Hi!
I’m new to Numba and I would like to use it to write code that may run both on multiple CPUs and GPUs.
In particular, I’m currently learning the basic differences between the decorators @njit and @vectorize, but I have a problem in understanding their different performances.
I wrote the same python function using both the decorator “@njit(parallel=True)” and “@vectorize(…,target=‘parallel’)”.
It turned out that the first implementation is much faster than the latter.
Here below I report the code.
import numba as nb
import numpy as np
from numba import float64
@nb.njit
def logdiffexp(x, y):
return x + np.log1p(-np.exp(y - x))
@nb.njit
def _logTPL(x, alpha, mmin, mmax):
log_norm_cost = -np.log(alpha - 1) + logdiffexp((1 - alpha) * np.log(mmin), (1 - alpha) * np.log(mmax))
if (mmin < x) and (x < mmax):
result = -alpha * np.log(x) - log_norm_cost
else:
result = -np.inf
return result
@nb.njit
def _logSmoothing(m, delta_m, ml):
if m <= ml:
result = -np.inf
elif m >= (ml + delta_m):
result = 0.0
else:
result = -np.logaddexp(0.0, (delta_m / (m - ml) + delta_m / (m - ml - delta_m)))
return result
@nb.njit
def _logPLm2(m2, beta, ml):
return beta * np.log(m2) if m2 >= ml else -np.inf
@nb.njit
def _logC_PL(m1, beta, ml):
return np.log((1 + beta) / (m1**(1 + beta) - ml**(1 + beta)))
@nb.njit(parallel=True)
def log_PL(m1, m2, alpha, beta, ml, mh):
result = np.empty_like(m1)
for i in nb.prange(len(m1)):
if ml < m2[i] < m1[i] < mh:
result[i] = _logTPL(m1[i], alpha, ml, mh) + _logPLm2(m2[i], beta, ml) + _logC_PL(m1[i], beta, ml)
else:
result[i] = -np.inf
return result
@nb.vectorize([float64(float64, float64, float64, float64, float64, float64)],target='parallel')

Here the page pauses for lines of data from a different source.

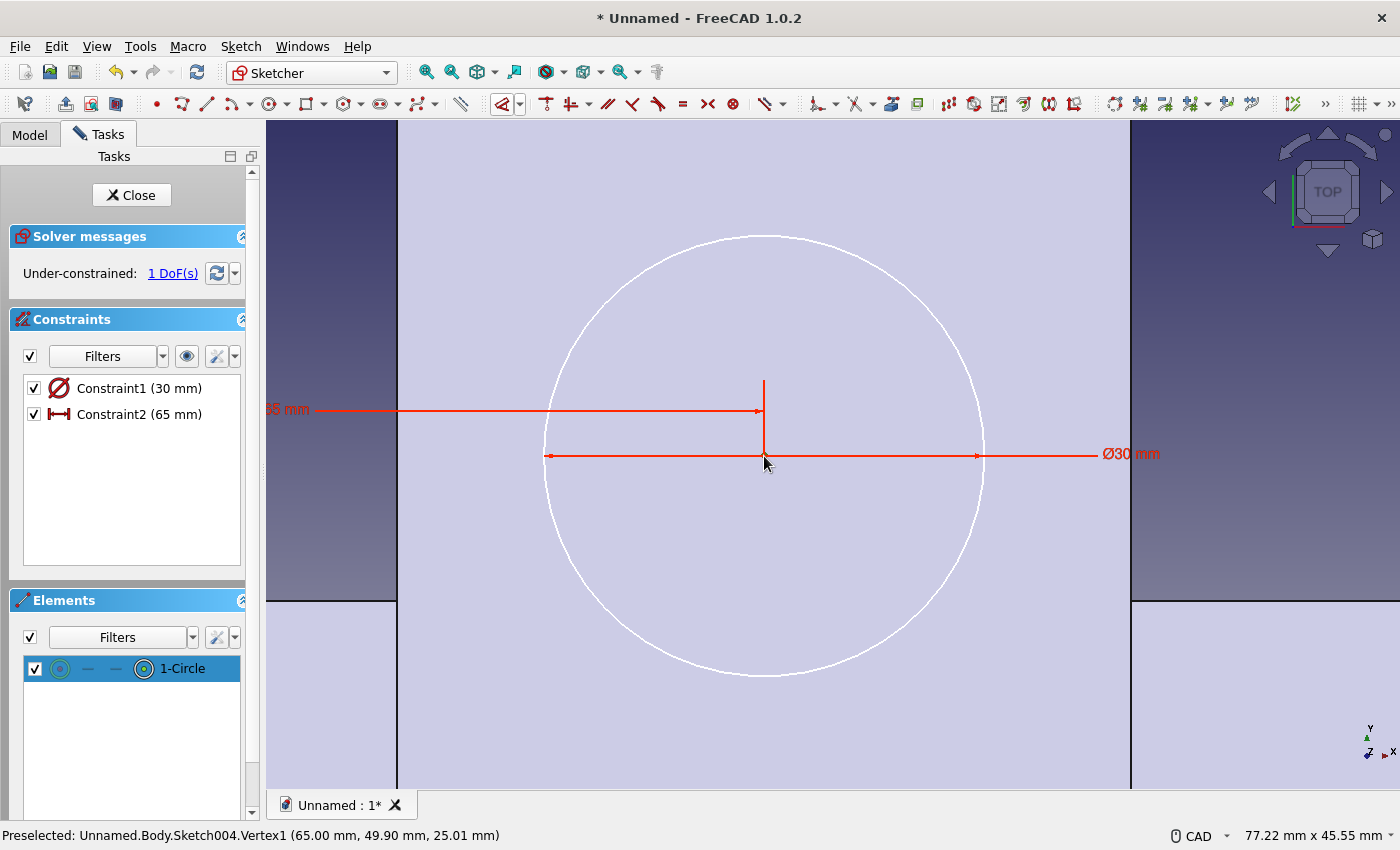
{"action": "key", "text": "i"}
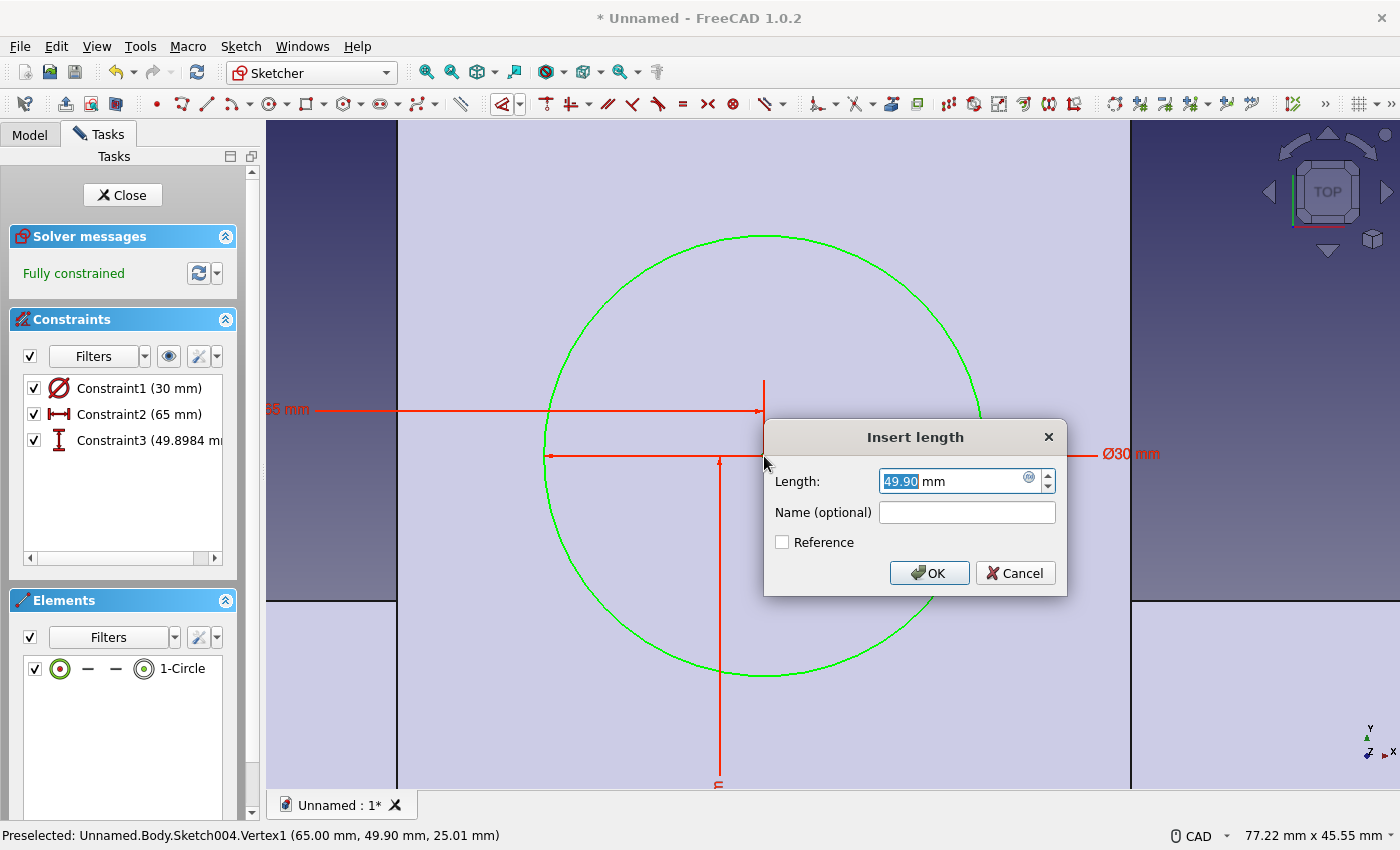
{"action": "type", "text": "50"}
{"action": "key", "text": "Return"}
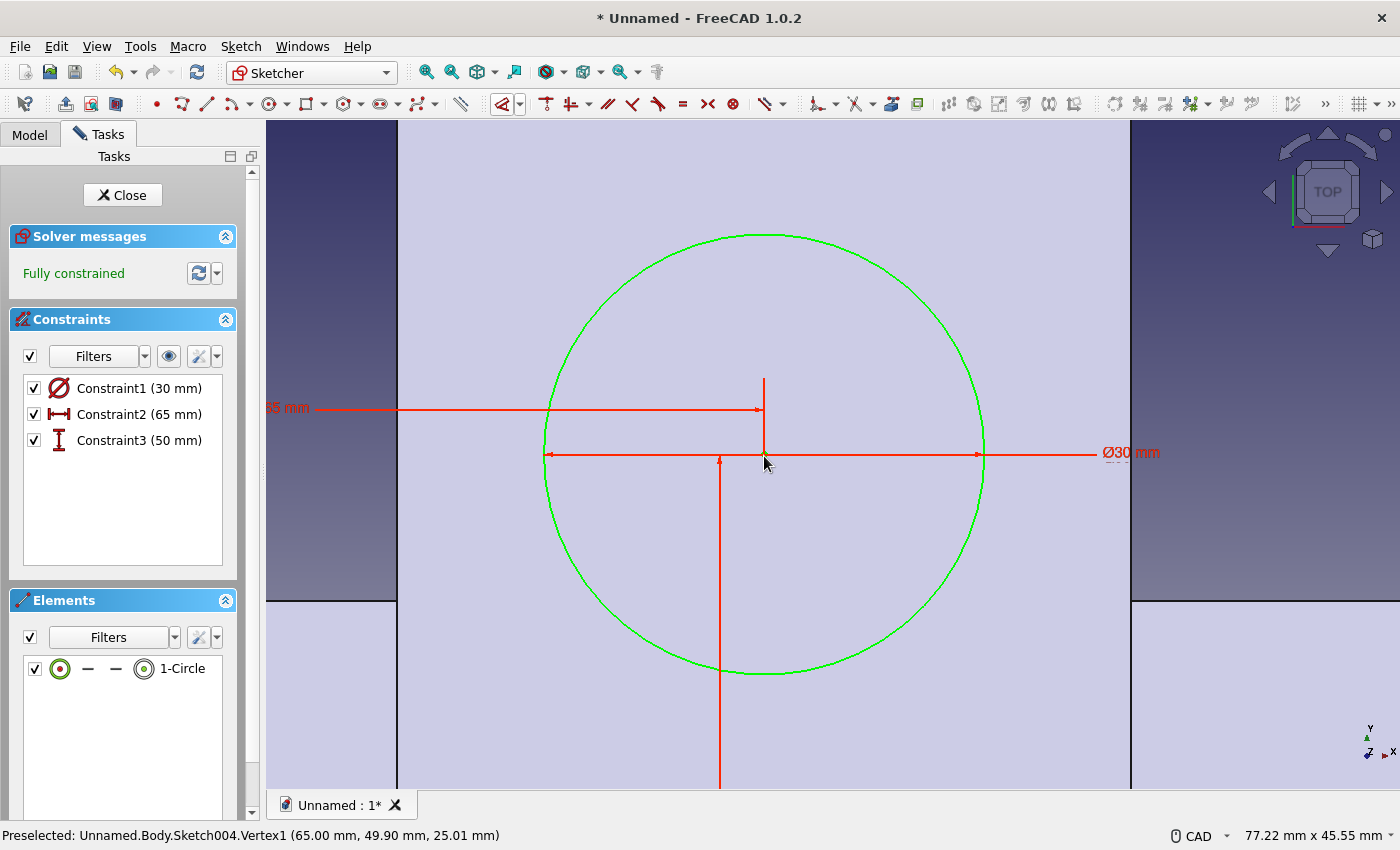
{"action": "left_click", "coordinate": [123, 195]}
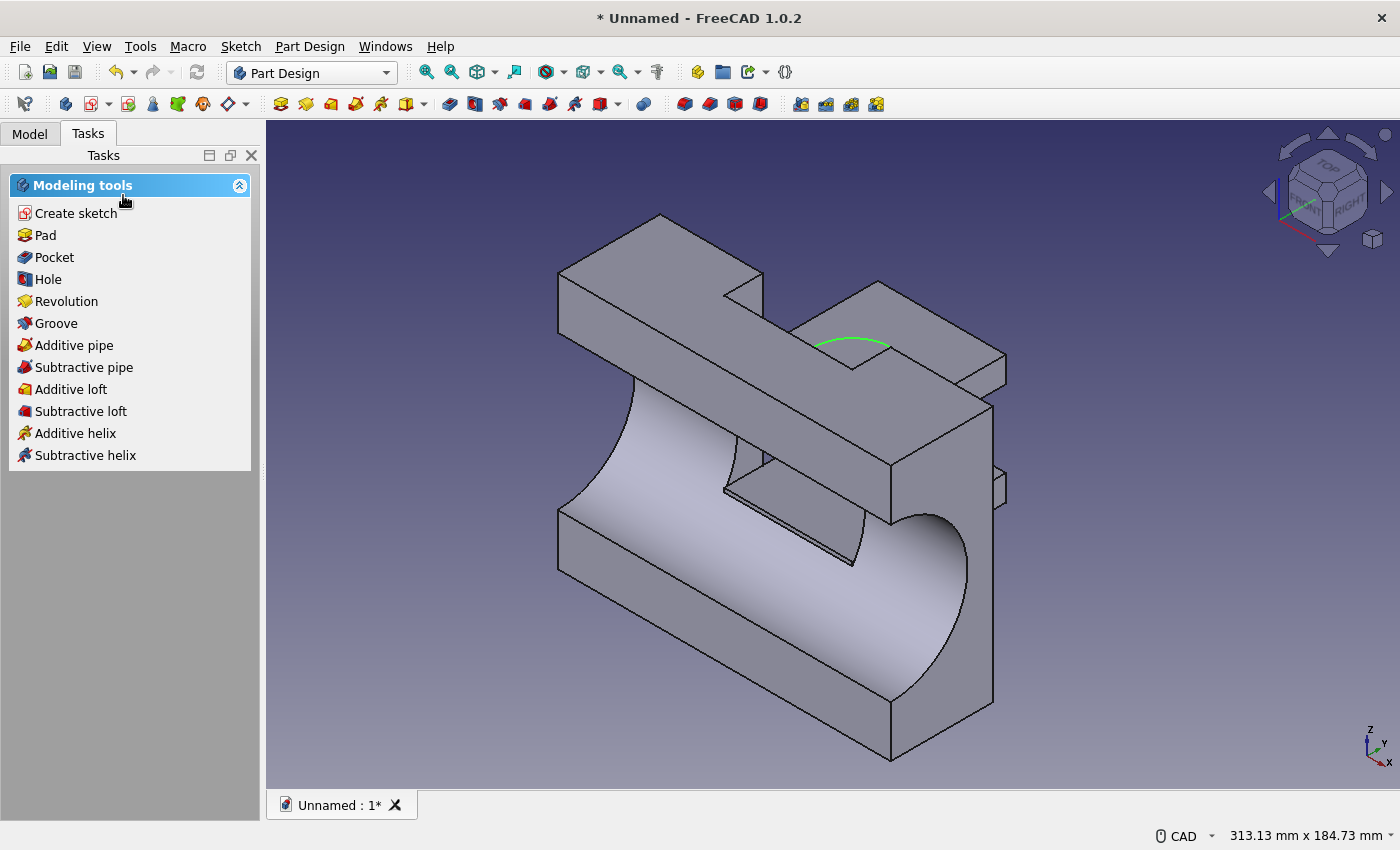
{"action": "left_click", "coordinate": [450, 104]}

def log_PLvec(m1, m2, alpha, beta, ml, mh):
if ml < m2 < m1 < mh:
result = _logTPL(m1, alpha, ml, mh) + _logPLm2(m2, beta, ml) + _logC_PL(m1, beta, ml)
else:
result = -np.inf
return result
The execution times are reported in the picture here below.
Can someone explain me why this happens?
I’m interested in the @vectorize decorator because, as far as I understand, it can take “cuda” as a target and thus run on the GPU (am I wrong?).